What you are asked to do: Leaving out every picture, please repeat exactly the line that contains "#3 car [0,213,122,287]" and each line after it through the final line below.

Data listing:
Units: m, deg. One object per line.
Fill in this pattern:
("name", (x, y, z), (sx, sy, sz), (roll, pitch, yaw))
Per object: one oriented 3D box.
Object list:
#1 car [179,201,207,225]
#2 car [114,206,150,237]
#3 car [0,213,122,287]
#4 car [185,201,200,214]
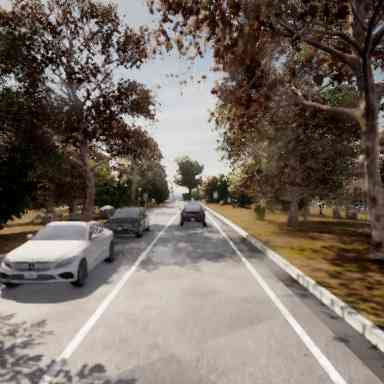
("car", (0.078, 1.666, 25.322), (1.837, 1.490, 4.892), (0, 0, 0))
("car", (-3.523, 1.586, 18.771), (1.837, 1.490, 4.892), (0, 0, 1))
("car", (-3.497, 1.544, 9.544), (1.812, 1.442, 4.674), (0, 0, 0))
("car", (0.108, 1.987, 43.329), (1.837, 1.490, 4.892), (0, -1, 0))
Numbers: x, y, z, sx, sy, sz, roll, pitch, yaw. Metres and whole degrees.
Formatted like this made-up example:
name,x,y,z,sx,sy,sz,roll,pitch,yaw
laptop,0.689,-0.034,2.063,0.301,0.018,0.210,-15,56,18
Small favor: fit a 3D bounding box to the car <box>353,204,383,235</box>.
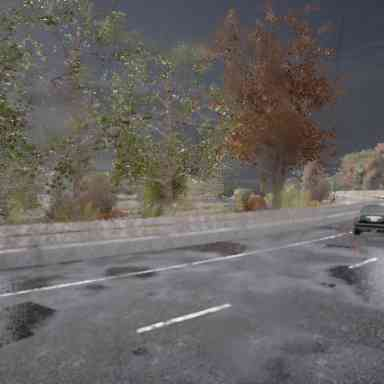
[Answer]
name,x,y,z,sx,sy,sz,roll,pitch,yaw
car,10.529,1.401,18.045,2.097,1.767,4.553,0,0,44

Exercise output:
#3 car [0,213,122,287]
#4 car [185,201,200,214]
("car", (0.078, 1.666, 25.322), (1.837, 1.490, 4.892), (0, 0, 0))
("car", (-3.523, 1.586, 18.771), (1.837, 1.490, 4.892), (0, 0, 1))
("car", (-3.497, 1.544, 9.544), (1.812, 1.442, 4.674), (0, 0, 0))
("car", (0.108, 1.987, 43.329), (1.837, 1.490, 4.892), (0, -1, 0))
Numbers: x, y, z, sx, sy, sz, roll, pitch, yaw. Metres and whole degrees.
Formatted like this made-up example:
name,x,y,z,sx,sy,sz,roll,pitch,yaw
laptop,0.689,-0.034,2.063,0.301,0.018,0.210,-15,56,18
Small favor: fit a 3D bounding box to the car <box>353,204,383,235</box>.
[Answer]
name,x,y,z,sx,sy,sz,roll,pitch,yaw
car,10.529,1.401,18.045,2.097,1.767,4.553,0,0,44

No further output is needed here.